- [Requirement] For this exercise, repeat exactly the lines below starting at the line holding "4) bicyclist on" and ending at the line holding "Find the 3D", both included, with no extra lines and no pictures.

[Collection entries]
↓

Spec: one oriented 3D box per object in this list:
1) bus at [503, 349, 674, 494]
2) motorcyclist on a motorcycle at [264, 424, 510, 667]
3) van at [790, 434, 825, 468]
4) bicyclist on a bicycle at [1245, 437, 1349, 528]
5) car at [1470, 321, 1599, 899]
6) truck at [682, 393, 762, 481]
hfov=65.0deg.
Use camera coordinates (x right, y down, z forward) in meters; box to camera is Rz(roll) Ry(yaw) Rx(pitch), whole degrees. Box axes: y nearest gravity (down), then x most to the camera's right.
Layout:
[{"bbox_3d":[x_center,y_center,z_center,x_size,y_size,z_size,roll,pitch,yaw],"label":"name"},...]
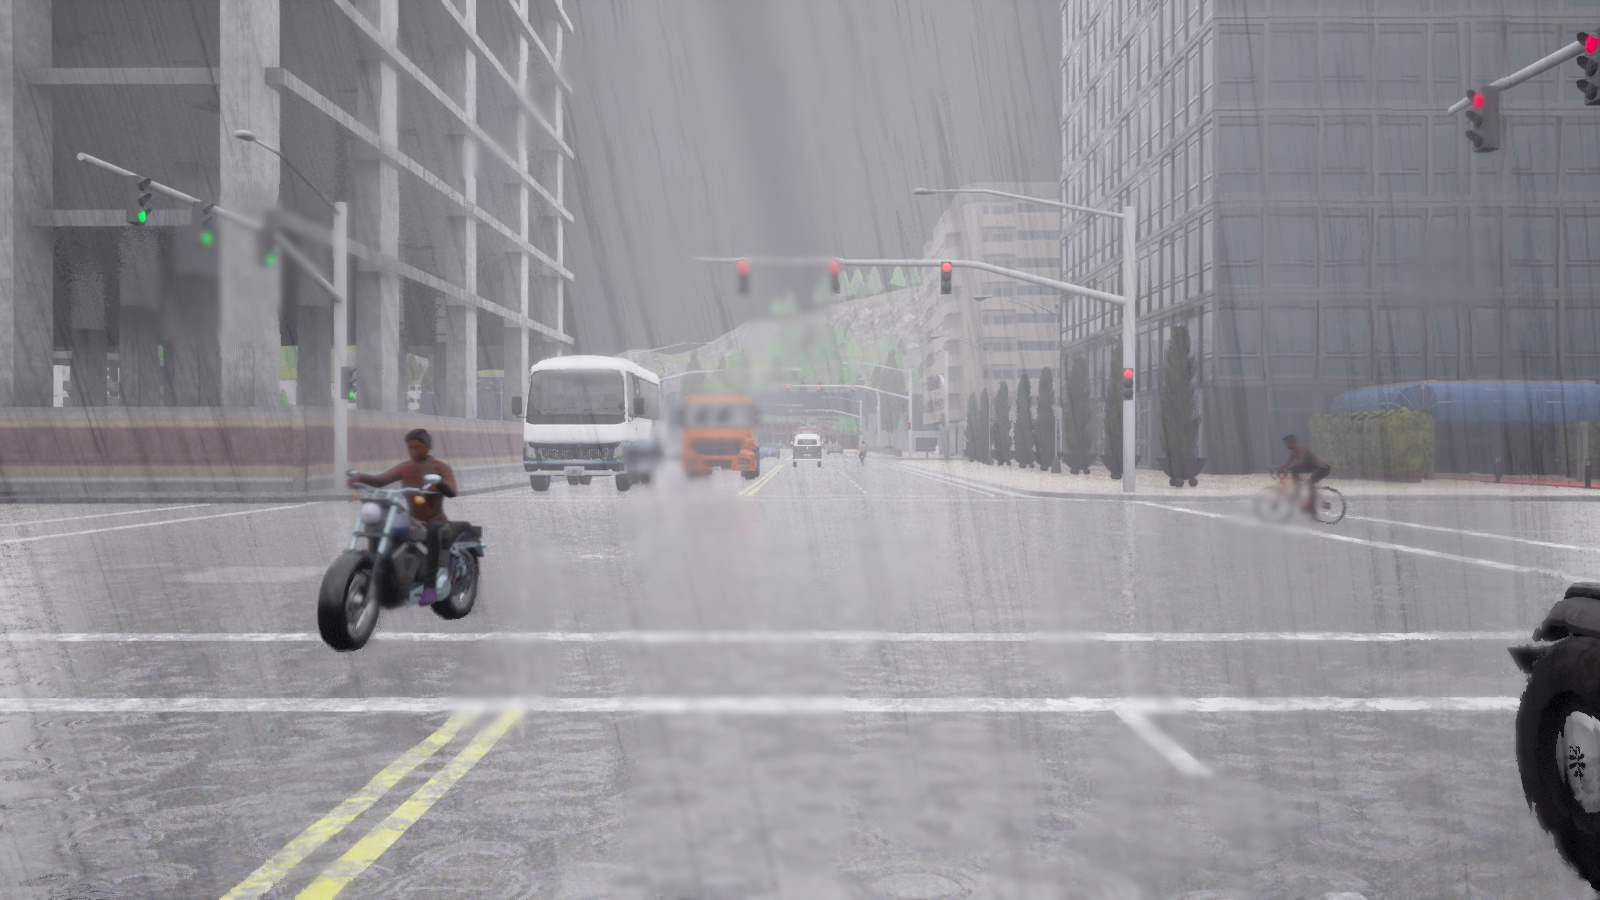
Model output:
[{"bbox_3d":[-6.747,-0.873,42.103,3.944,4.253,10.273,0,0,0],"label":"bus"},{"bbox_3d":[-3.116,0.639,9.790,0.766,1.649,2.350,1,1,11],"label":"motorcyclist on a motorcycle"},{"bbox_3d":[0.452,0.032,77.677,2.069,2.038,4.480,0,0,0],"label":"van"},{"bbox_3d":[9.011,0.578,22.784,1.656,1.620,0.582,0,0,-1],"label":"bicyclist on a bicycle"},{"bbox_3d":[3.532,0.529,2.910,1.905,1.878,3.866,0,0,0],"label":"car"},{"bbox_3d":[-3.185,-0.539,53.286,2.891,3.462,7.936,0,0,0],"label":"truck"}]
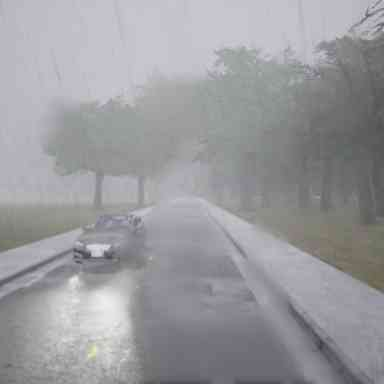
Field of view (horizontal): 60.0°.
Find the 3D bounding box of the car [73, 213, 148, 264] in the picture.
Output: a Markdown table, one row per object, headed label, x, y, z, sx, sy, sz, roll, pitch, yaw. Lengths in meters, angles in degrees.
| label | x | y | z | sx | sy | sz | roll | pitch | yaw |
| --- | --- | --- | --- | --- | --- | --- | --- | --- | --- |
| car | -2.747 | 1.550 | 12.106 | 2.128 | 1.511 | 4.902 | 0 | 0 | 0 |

↑

- [Finished task]
4) bicyclist on a bicycle at [1245, 437, 1349, 528]
5) car at [1470, 321, 1599, 899]
6) truck at [682, 393, 762, 481]
hfov=65.0deg.
Use camera coordinates (x right, y down, z forward) in meters; box to camera is Rz(roll) Ry(yaw) Rx(pitch), whole degrees. Box axes: y nearest gravity (down), then x most to the camera's right.
Layout:
[{"bbox_3d":[x_center,y_center,z_center,x_size,y_size,z_size,roll,pitch,yaw],"label":"name"},...]
Model output:
[{"bbox_3d":[-6.747,-0.873,42.103,3.944,4.253,10.273,0,0,0],"label":"bus"},{"bbox_3d":[-3.116,0.639,9.790,0.766,1.649,2.350,1,1,11],"label":"motorcyclist on a motorcycle"},{"bbox_3d":[0.452,0.032,77.677,2.069,2.038,4.480,0,0,0],"label":"van"},{"bbox_3d":[9.011,0.578,22.784,1.656,1.620,0.582,0,0,-1],"label":"bicyclist on a bicycle"},{"bbox_3d":[3.532,0.529,2.910,1.905,1.878,3.866,0,0,0],"label":"car"},{"bbox_3d":[-3.185,-0.539,53.286,2.891,3.462,7.936,0,0,0],"label":"truck"}]
Field of view (horizontal): 60.0°.
Find the 3D bounding box of the car [73, 213, 148, 264] in the picture.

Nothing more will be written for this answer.